Mais le véritable point fort de cet album sont les paroles. Si la musique est d'excellente facture, les lyrics quant à eux approchent le divin. Par exemple dès le départ Doolin-Dalton place la dualité entre l'admiration de ces
Desperados, de par leur côté « classe » et libres mais en même temps on les plaint de devoir courir éternellement pour échapper à la mort (If you're fast, and if you're lucky You will never see that hangin' tree). Mais le meilleur exemple à mon avis sur cet album est la chanson-titre
Desperado et je vais m'attarder dessus car je tiens à montrer à quel point ces paroles sont fouillées.
La chanson dans son ensemble est un appel au retour à la raison adressé à un des bandits en particulier. Le narrateur (un personnage extérieur où le côté de la personnalité encore sensée du bandit, on ne sait pas) commence par le mettre en face de la vérité : Son sentiment de liberté qui lui tient à cœur peut être à double tranchant (These things that are pleasin' you
Can hurt you somehow).
Deuxièmement, l'accent est mis sur le côté illusoire de son bonheur (But you only want the ones that you can't get), puis de sa liberté (Your pain and your hunger, they're drivin' you home And freedom, oh freedom well, that's just some people talkin' Your prison is walking through this world all alone), et ce à juste titre puisqu'il est « prisonnier » de l'angoisse d'être pris et exécuté à tout instant.
Alors que tout ce que le
Desperado possède sont des rêves qu'il n'atteint quasiment jamais, le narrateur met en face de lui de véritables preuves de sa non-vie. On l'incite donc à vivre une vraie vie certes difficile mais pleine d'espoir (but there's a rainbow above you) et la chanson se termine par le ver « You'd better let somebody love you, before it's too late », alors que dans la chanson précédente,
Tequila Sunrise, notre héros raconte sa déception amoureuse avec une fille qu'il croyait être celle de sa vie.

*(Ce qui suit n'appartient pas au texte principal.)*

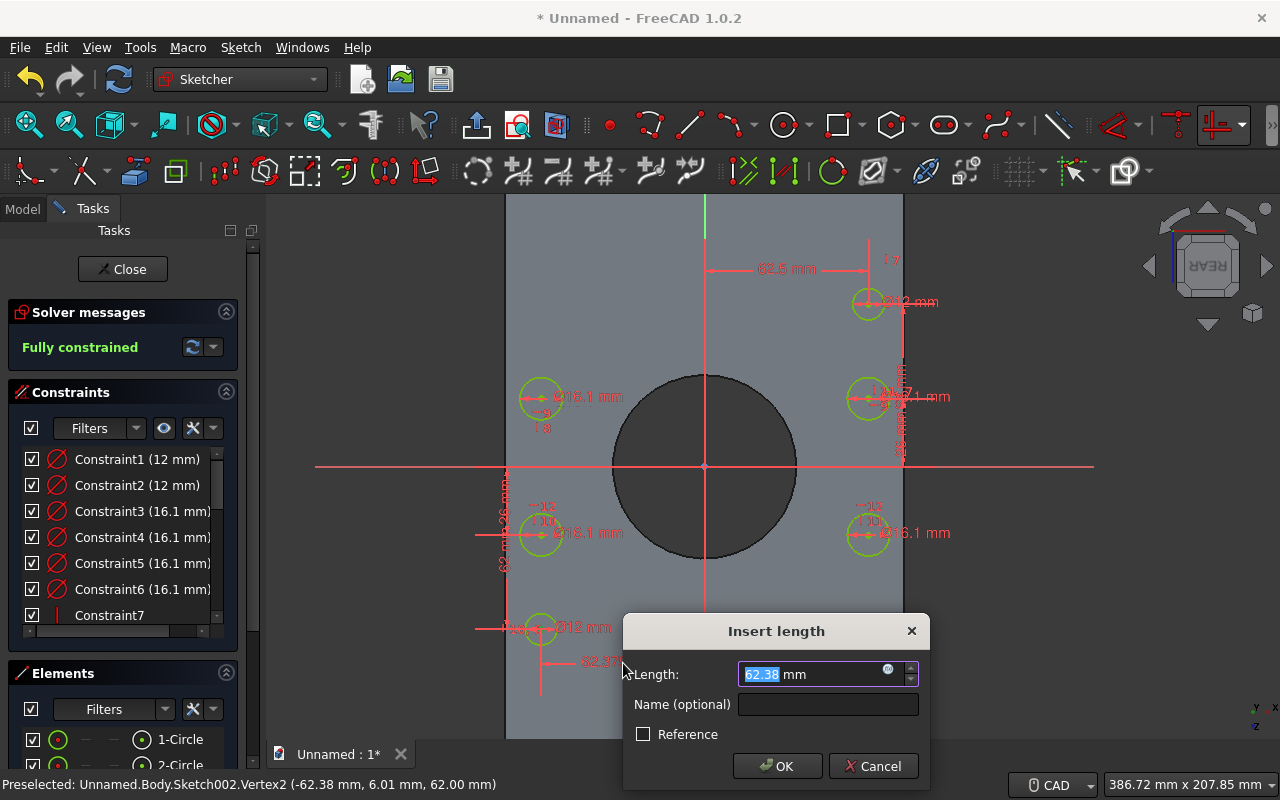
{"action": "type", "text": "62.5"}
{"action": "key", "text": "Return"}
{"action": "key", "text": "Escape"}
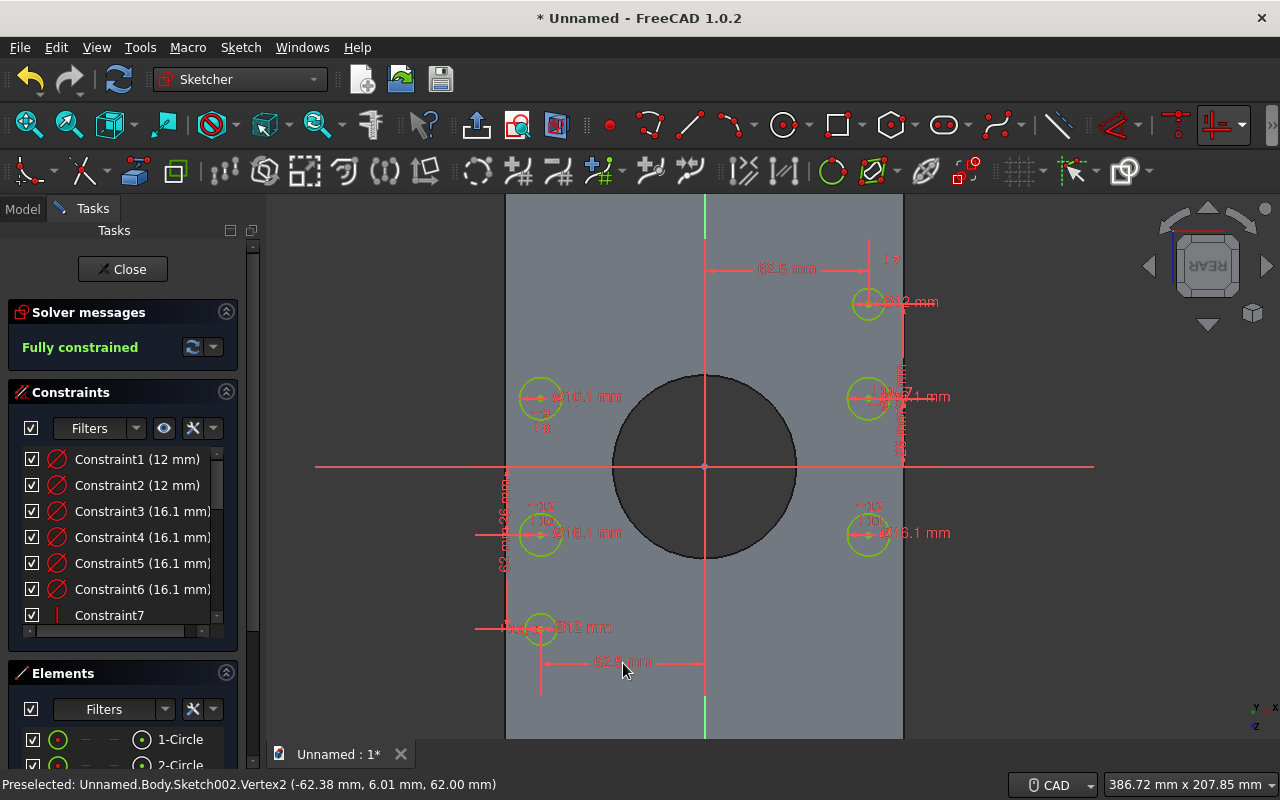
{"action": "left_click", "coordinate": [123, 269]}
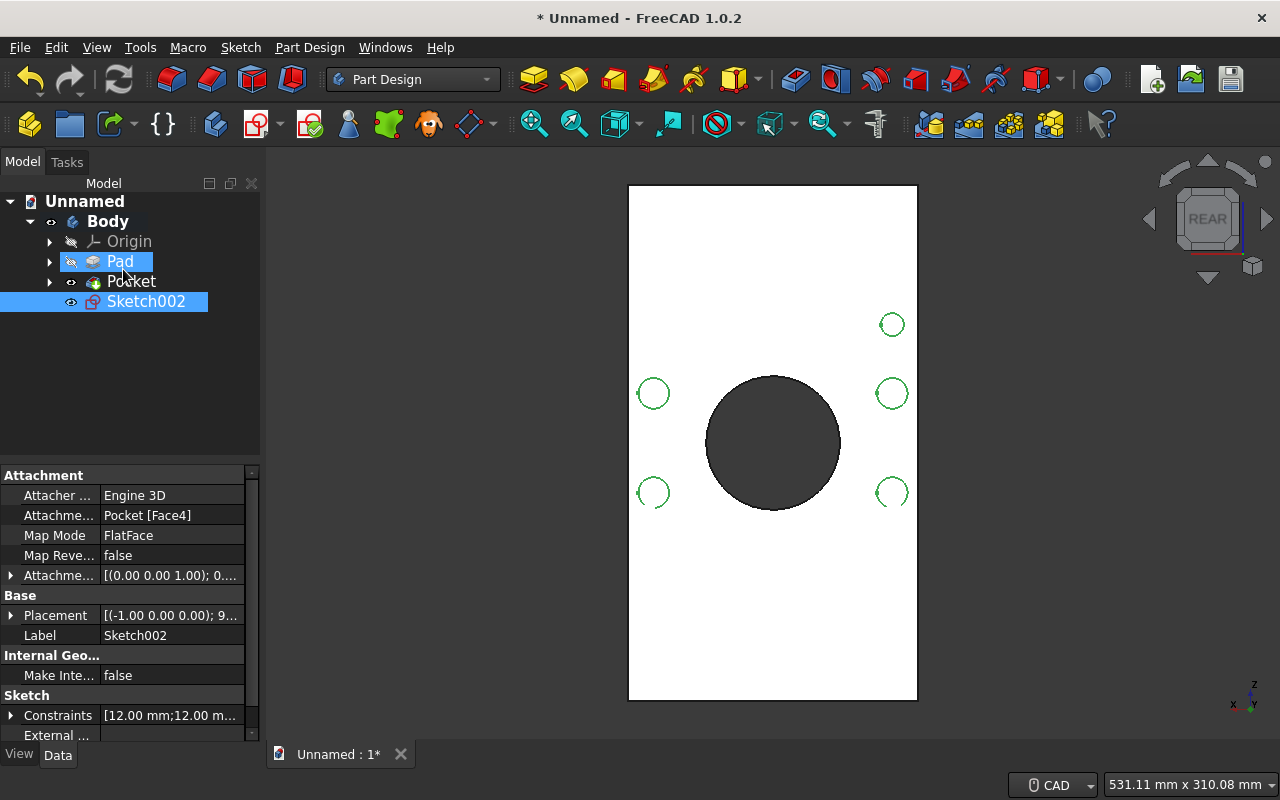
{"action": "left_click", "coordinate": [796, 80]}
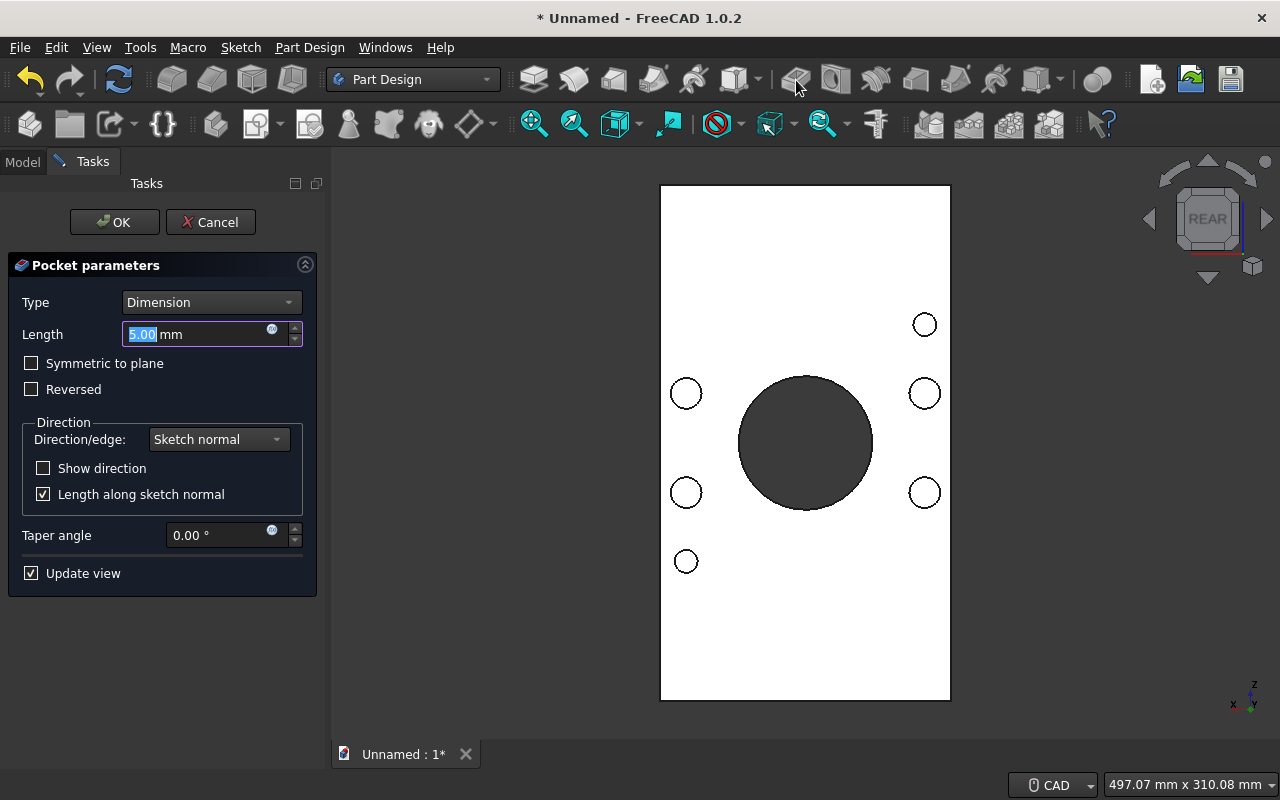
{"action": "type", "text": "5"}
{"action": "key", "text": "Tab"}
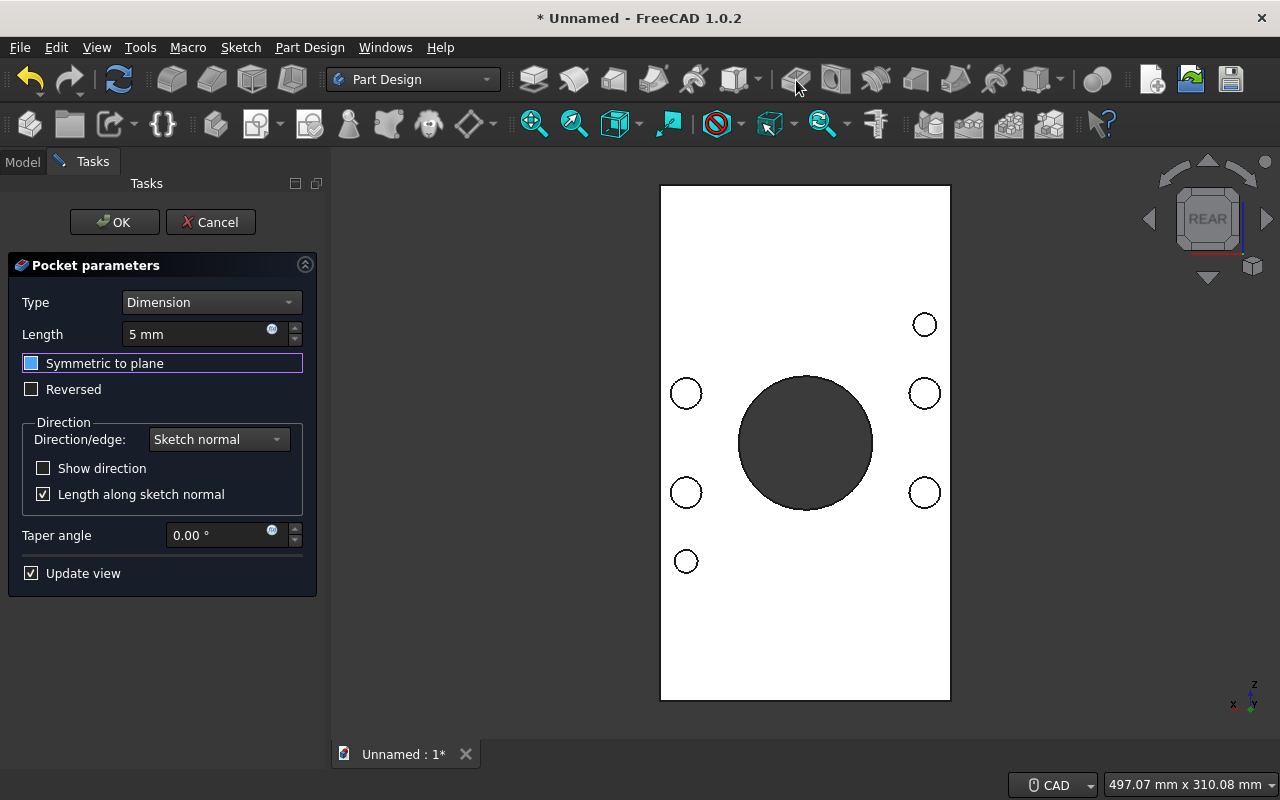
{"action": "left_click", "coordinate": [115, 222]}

Il ne me reste qu'à ajouter que les parralèles avec la vie de rockstar et la gloire éphémère dont ils jouissent (entre autres) sont légion et que le reste de l'album est du même niveau.
Malgré un succès moindre que le premier du nom, ce
Desperado est un deuxième tir en plein dans le mille, une nouvelle pierre angulaire pour la musique country. C'est une œuvre regorgeant de qualités qui vous procurera des moments délectables à maintes reprises.